During the opening arguments, the courtroom was packed with spectators, including Mr. Bharara and senior prosecutors in his office, as well as Mr. Silver’s wife, Rosa. Earlier in the morning, prosecutors and defense lawyers finished selecting the jury, which comprised nine women and three men. The members include a grade-school counselor, a college recruiter, an office manager at a medical clinic and a longtime employee of the Metropolitan Transportation Authority. Four alternate jurors were also selected, three men and one woman.
Ms. Paulin had been called by prosecutors to give jurors a primer on how Albany works and explain Mr. Silver’s influence as speaker. But Mr. Molo hammered her under cross-examination about her family’s financial holdings, showing she had taken action over the years on legislation that could benefit stocks that she owns. He noted that the assemblywoman once championed a bill that would benefit Merck, a drug maker in which she and her husband own more than $100,000 in stock.

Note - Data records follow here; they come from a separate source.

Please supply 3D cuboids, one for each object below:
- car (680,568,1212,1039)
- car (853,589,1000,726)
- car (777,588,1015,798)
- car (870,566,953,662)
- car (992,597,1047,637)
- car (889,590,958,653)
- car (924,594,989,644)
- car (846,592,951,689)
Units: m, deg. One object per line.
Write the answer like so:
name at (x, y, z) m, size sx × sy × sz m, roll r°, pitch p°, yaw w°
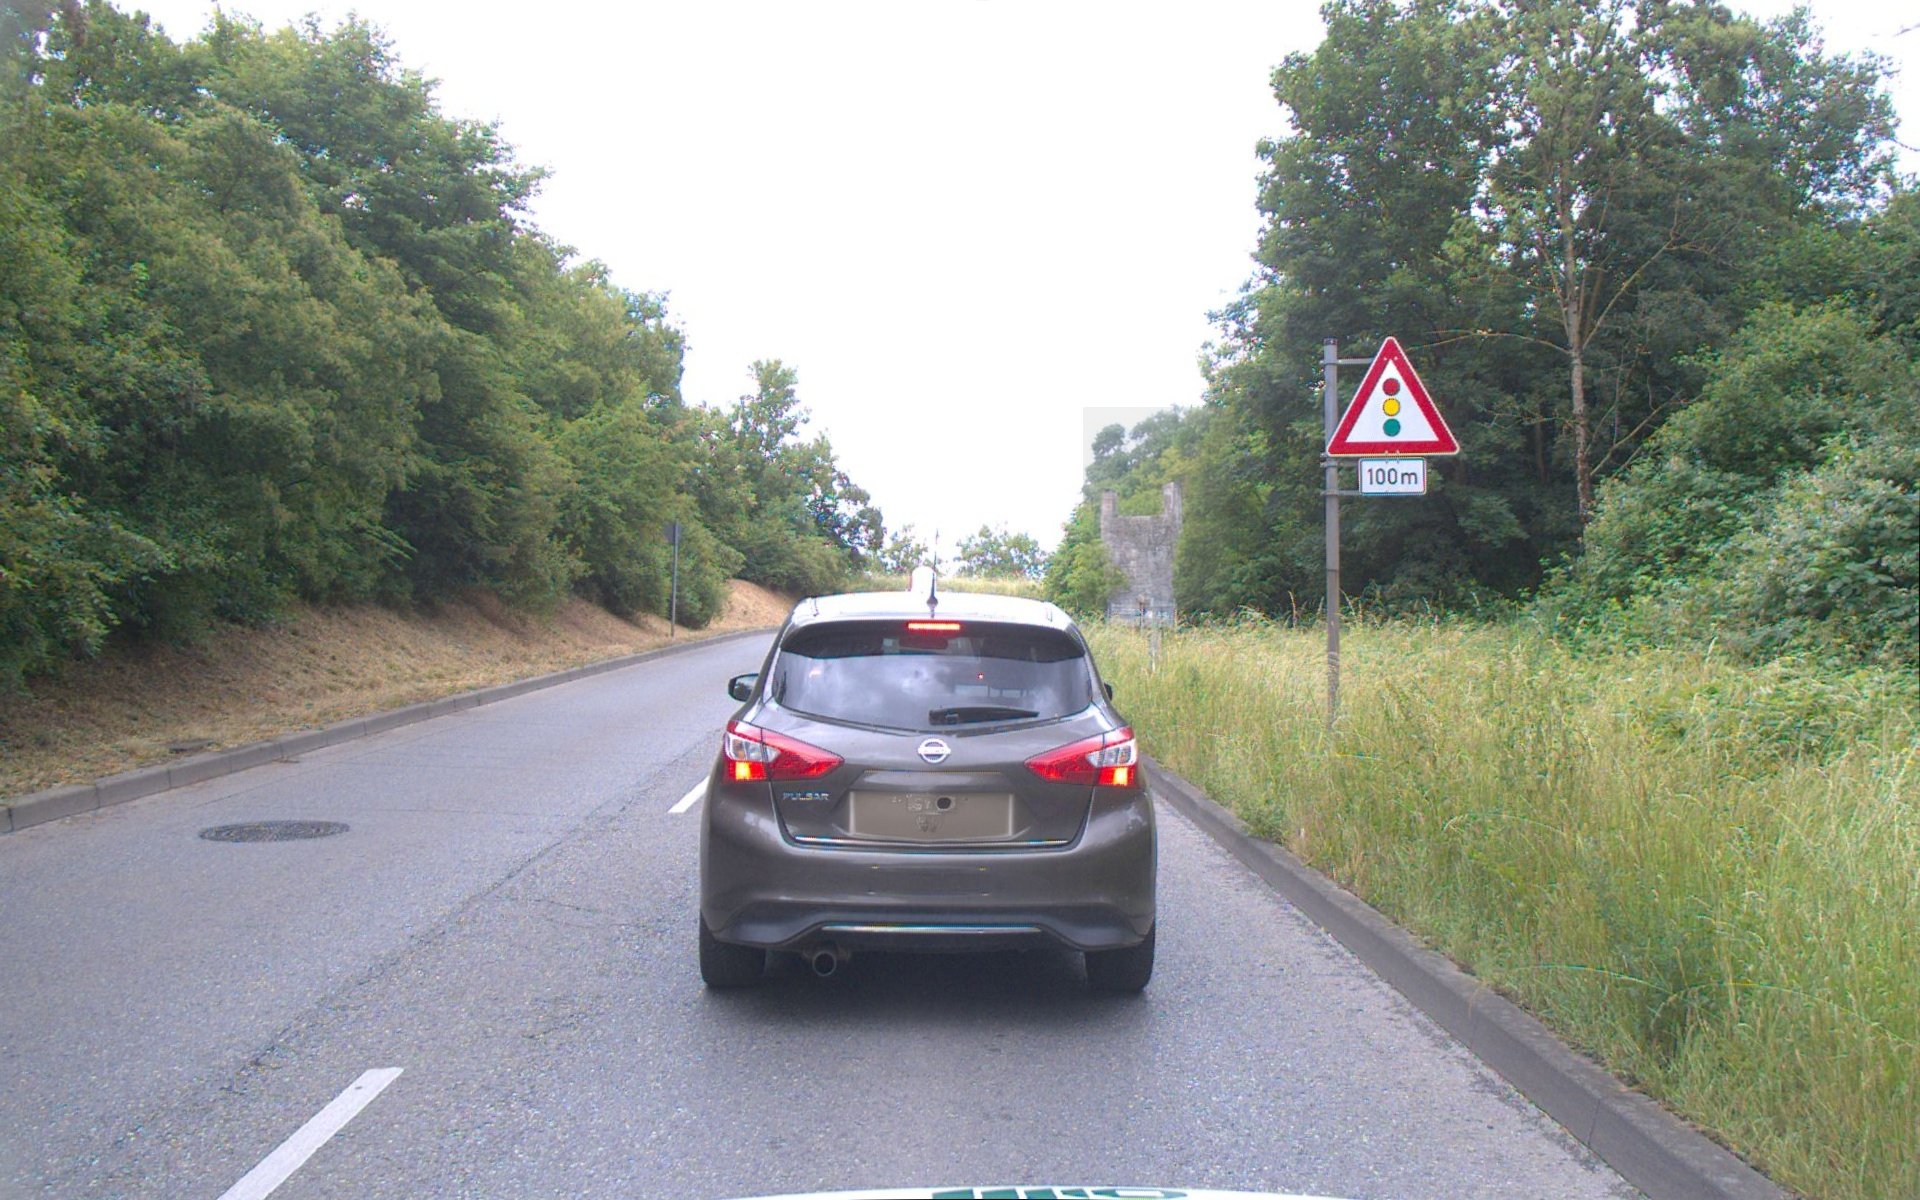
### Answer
car at (-0.111, 0.688, 7.356) m, size 1.793 × 1.583 × 3.497 m, roll 1°, pitch 0°, yaw -2°
car at (-0.403, 0.657, 20.899) m, size 1.700 × 1.583 × 3.543 m, roll 0°, pitch 0°, yaw -1°
car at (-0.496, 0.698, 14.309) m, size 1.793 × 1.583 × 3.624 m, roll 0°, pitch 0°, yaw -1°
car at (-1.045, 0.274, 35.676) m, size 1.701 × 1.968 × 3.542 m, roll 0°, pitch 0°, yaw -2°
car at (2.424, 0.658, 66.363) m, size 1.699 × 1.553 × 3.644 m, roll 0°, pitch 0°, yaw 11°
car at (-0.966, 0.523, 42.269) m, size 1.701 × 1.553 × 3.542 m, roll 0°, pitch 0°, yaw -2°
car at (-0.081, 0.598, 53.344) m, size 1.699 × 1.553 × 3.644 m, roll 0°, pitch 0°, yaw 7°
car at (-1.010, 0.651, 28.640) m, size 1.700 × 1.583 × 3.543 m, roll 0°, pitch 0°, yaw -1°

“Is there anything wrong with what you did?” Mr. Molo asked her.
Ms. Paulin said Mr. Molo’s line of questioning — which, at times, became so heated that the judge asked him not to be argumentative — had given her pause.
“I’m actually going to be much more careful,” she said.
Another prosecutor, Howard S. Master, later noted that Ms. Paulin’s financial interest in Merck was disclosed on her annual financial disclosure statement. He also added that Ms. Paulin never received anything from Merck in return for her support of the bill. In contrast, prosecutors have accused Mr. Silver of benefiting from actions he took as speaker.
Mr. Silver, standing outside the courtroom midday, repeated his oft-made claim that he would be “vindicated” by the legal process.